There are three different types of probes in Kubernetes, which provide different kinds of feedback from the application. Thus, they serve different use cases.
The liveness probe determines whether a container is running properly or not. It periodically checks the state of the container and restarts it if it is unresponsive or in a faulty state. This ensures that the application continues to run even if it may have crashed or encountered a temporary error.
The readiness probe checks if a container has completed its initialization and is ready to serve requests. By doing so, it enables Kubernetes to ensure that only healthy containers receive traffic.
Startup probes determine whether a container has started successfully and is ready to handle requests. In contrast to the liveness probe, it only runs during the startup phase of a container, where the liveness probe is not active yet.
Let us assume that you have got a legacy Java application (built as a rather huge monolith), which has been containerized into a single container for you, in order to migrate it into the cloud (which is using Kubernetes). Your task is to provide this application as a service within your regional branch of the organisation. As you are somehow responsible for the service now, you want to ensure high user satisfaction and thus care about availability. Based on the sections above, you certainly know how to approach the problem.
First, the containerized application has to be transformed into a deployment which is exposed by a service. As a bigger monolithic Java application might not start instantly, a startup probe is added to the Java application container in order to get feedback about the application startup process. Furthermore, you want to add a readiness probe so that the service can distribute traffic accordingly to application instances which are ready to process it. Lasty, you definitely want a liveness probe, too, in order to continuously validate the state of your application. Yes, you most likely want all three types of probes in this case.
As you experience more and more usage of your service, you scale up the replications of your application using the replication count of the deployment. However, in order to keep costs lower, you think about applying autoscaling, which you have read about in another blog post. Luckily, Kubernetes autoscaling can utilise the existing probes to determine the scaling behaviour of the application.
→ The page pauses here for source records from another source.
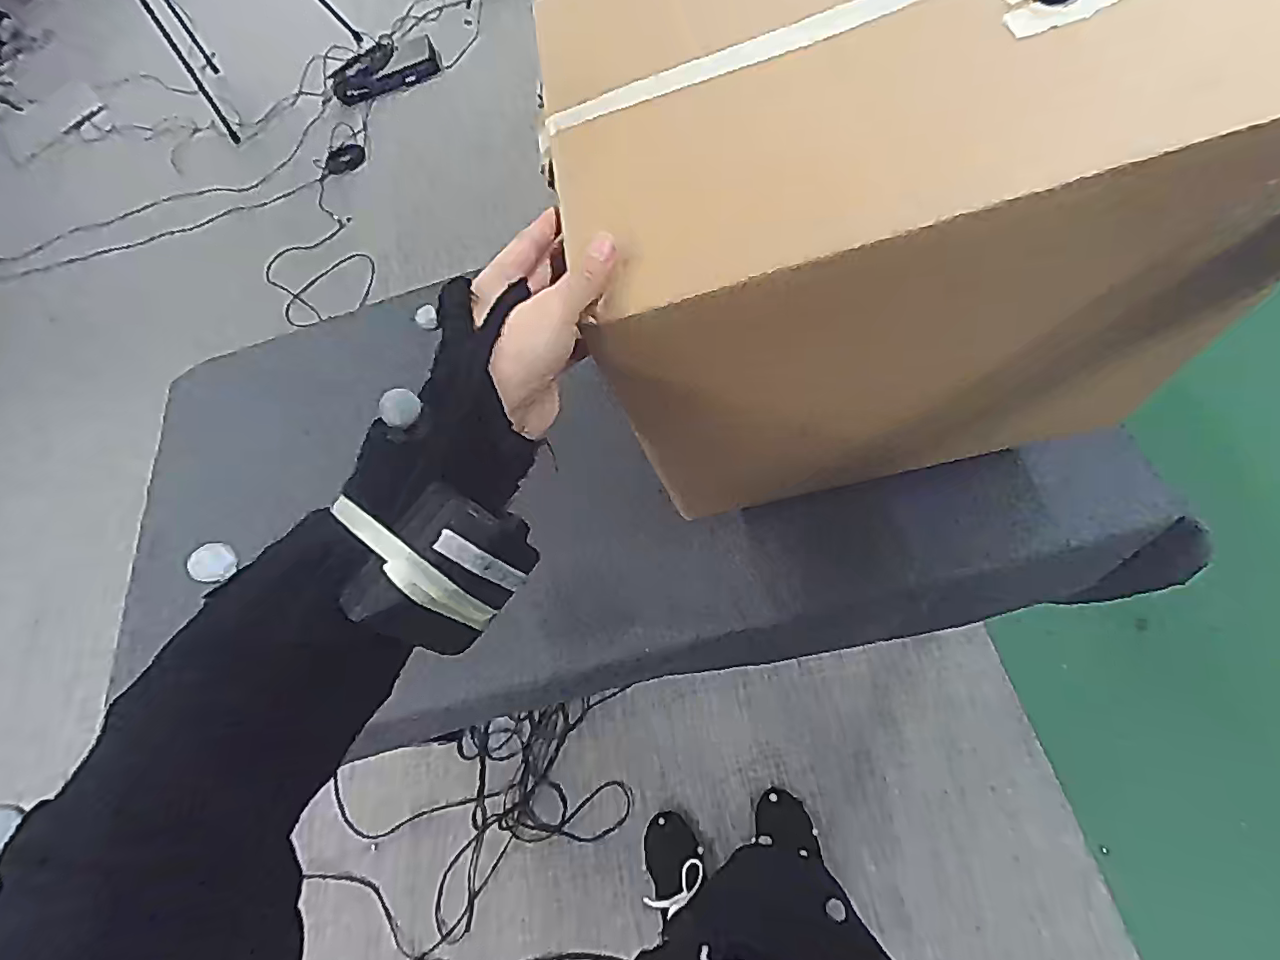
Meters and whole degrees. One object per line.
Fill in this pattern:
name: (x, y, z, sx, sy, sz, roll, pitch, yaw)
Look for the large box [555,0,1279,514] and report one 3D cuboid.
large box: (0.182, -0.201, 0.444, 0.408, 0.320, 0.320, -13, 65, 8)
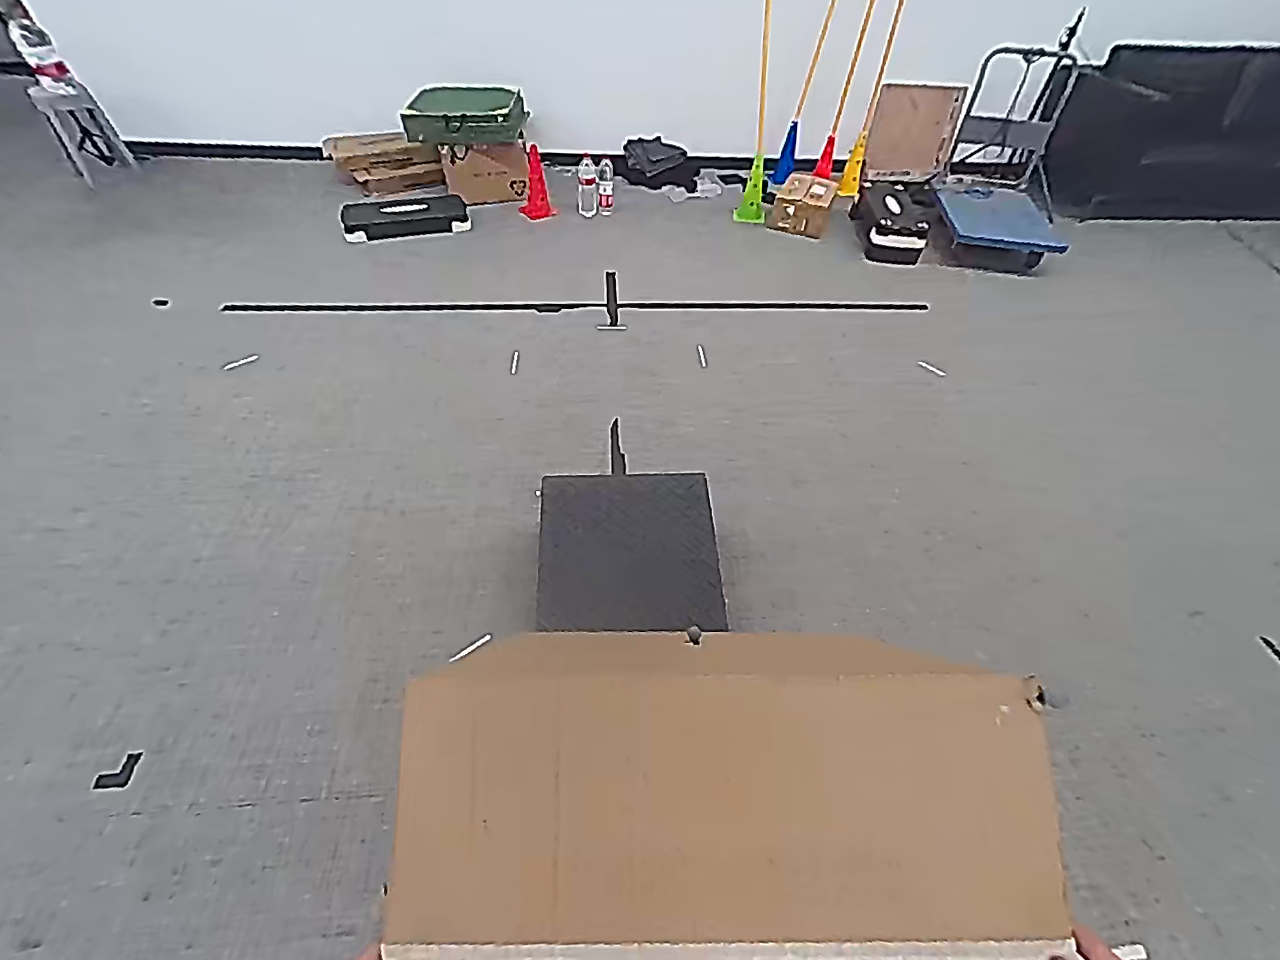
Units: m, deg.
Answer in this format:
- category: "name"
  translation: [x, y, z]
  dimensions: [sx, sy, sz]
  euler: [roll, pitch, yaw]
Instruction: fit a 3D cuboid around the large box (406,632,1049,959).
- category: "large box"
  translation: [0.050, 0.310, 0.480]
  dimensions: [0.408, 0.320, 0.320]
  euler: [-1, 81, -1]
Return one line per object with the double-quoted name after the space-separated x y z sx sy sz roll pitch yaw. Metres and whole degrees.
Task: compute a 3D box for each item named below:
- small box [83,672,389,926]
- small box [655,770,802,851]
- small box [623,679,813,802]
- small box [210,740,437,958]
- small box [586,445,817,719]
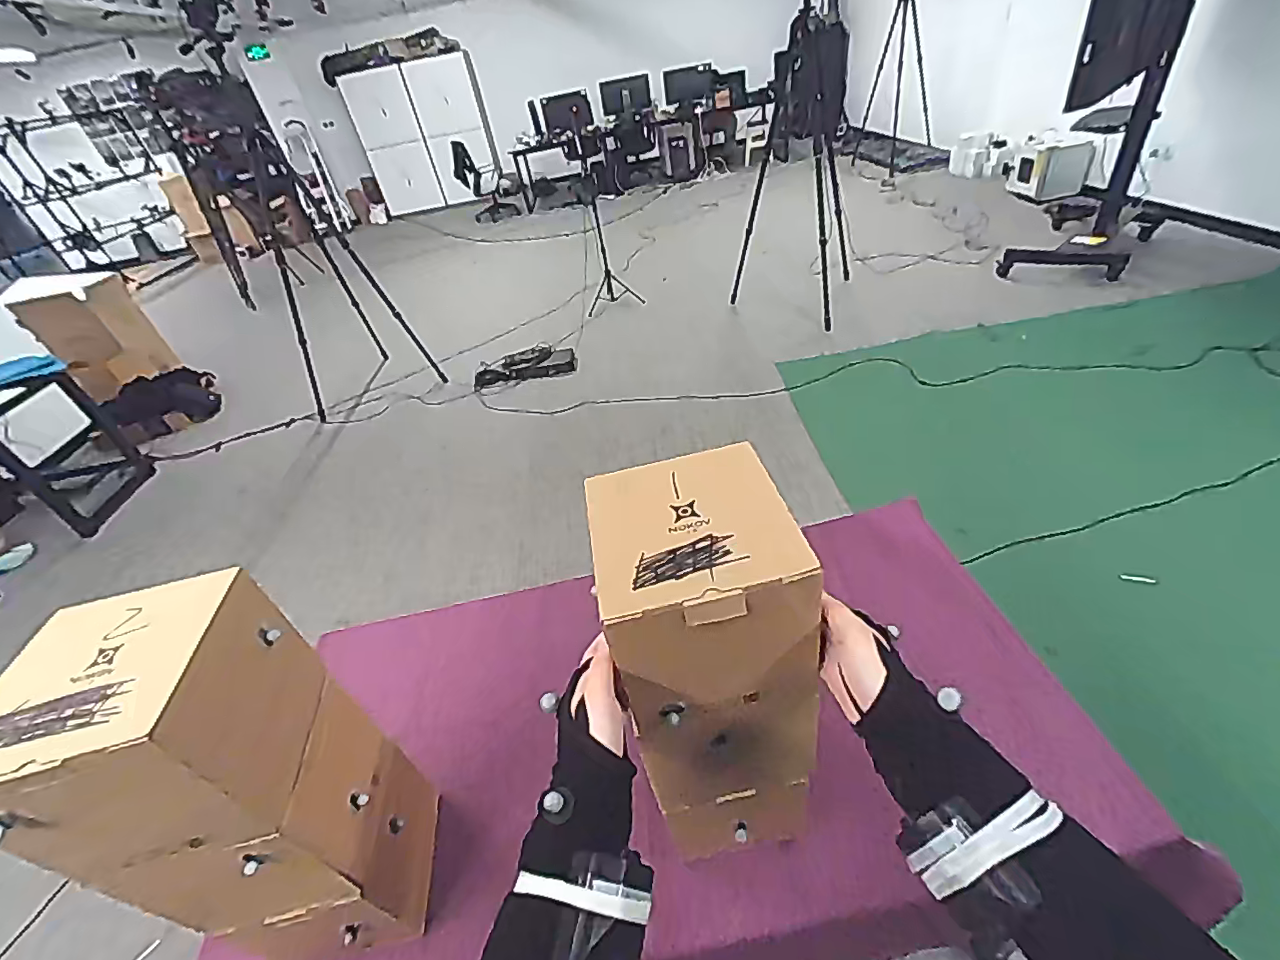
-0.404 0.344 0.584 0.179 0.176 0.168 -13 38 -4 "small box"
0.102 0.354 0.704 0.168 0.176 0.179 -12 39 -1 "small box"
0.078 0.227 0.600 0.179 0.176 0.168 -12 39 -1 "small box"
-0.374 0.469 0.684 0.168 0.176 0.179 -12 38 -2 "small box"
0.053 0.097 0.503 0.168 0.176 0.179 -13 37 -1 "small box"
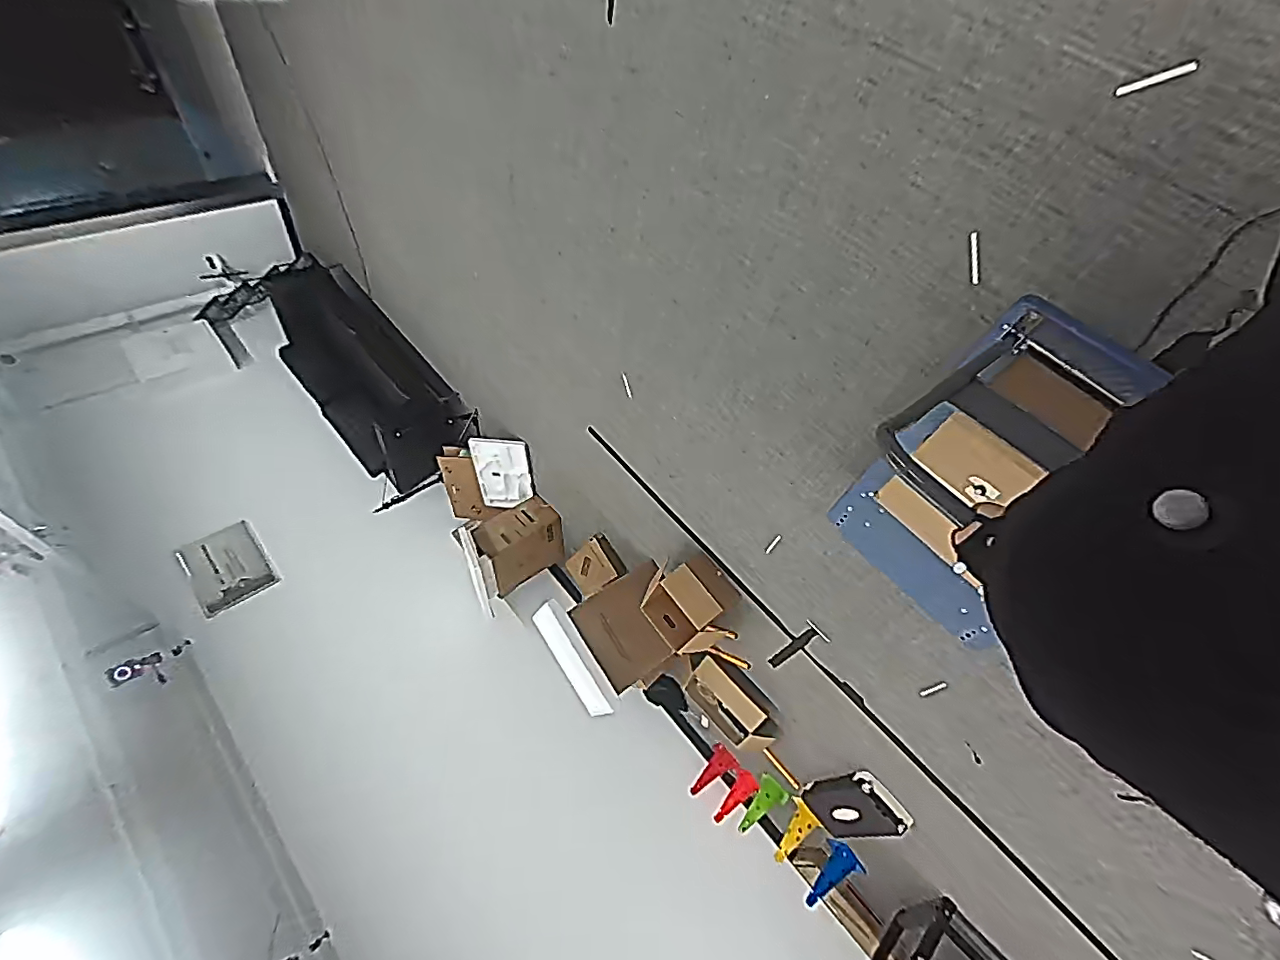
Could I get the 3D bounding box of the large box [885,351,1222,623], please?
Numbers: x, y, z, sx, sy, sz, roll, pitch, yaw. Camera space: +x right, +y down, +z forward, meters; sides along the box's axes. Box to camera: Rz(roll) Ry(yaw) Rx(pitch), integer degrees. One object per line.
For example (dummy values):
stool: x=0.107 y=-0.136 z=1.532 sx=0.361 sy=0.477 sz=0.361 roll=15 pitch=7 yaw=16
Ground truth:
large box: x=0.827 y=0.007 z=1.123 sx=0.408 sy=0.320 sz=0.320 roll=47 pitch=148 yaw=21
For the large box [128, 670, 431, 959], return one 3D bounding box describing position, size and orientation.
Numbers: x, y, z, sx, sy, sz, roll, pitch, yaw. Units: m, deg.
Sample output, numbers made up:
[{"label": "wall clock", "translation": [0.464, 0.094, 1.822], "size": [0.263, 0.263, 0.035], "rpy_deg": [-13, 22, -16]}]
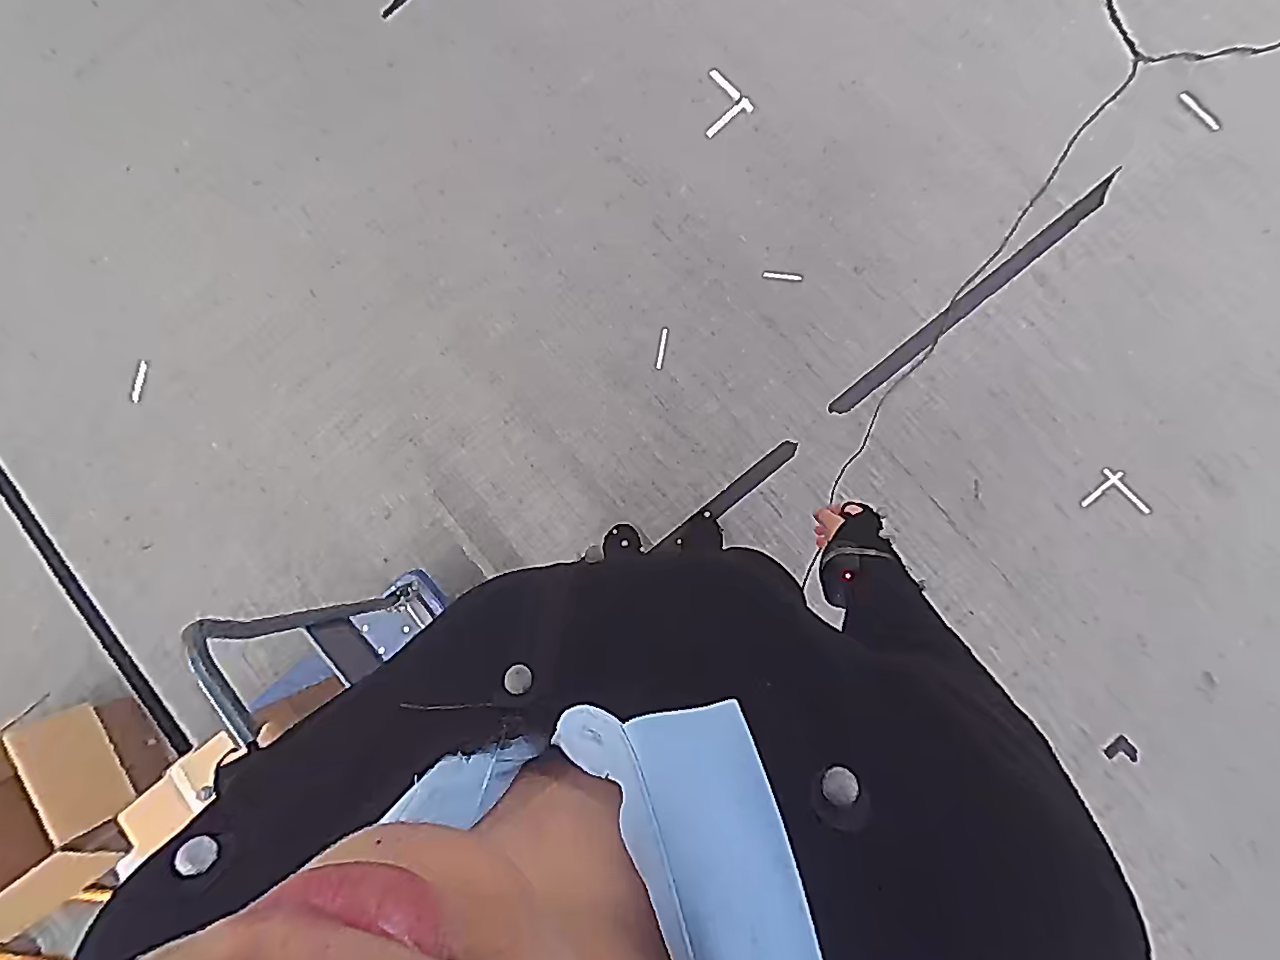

At this point, we definitely left the scope of this blog article. But as I mentioned in the beginning, availability is more than just probes.
The concept of probes within Kubernetes provides us with a comfortable way to gain feedback from applications which allows us to tackle basic availability issues. While I did not comment on technical details on how probes communicate with the application (commands, HTTP, TCP, or gRPC), by now you should have understood the overall concept and importance of probes and be able to start using them to achieve higher availability. Certainly there will be additional technical challenges in order to provide the endpoints used by the probes within your application. These, however, highly depend on the application and may even not be required to be handled by yourself. And if you are confronted with them, there is no lack of documentation. Therefore, I encourage you to start using kubernetes probes to tackle basic availability issues in order to increase user satisfaction.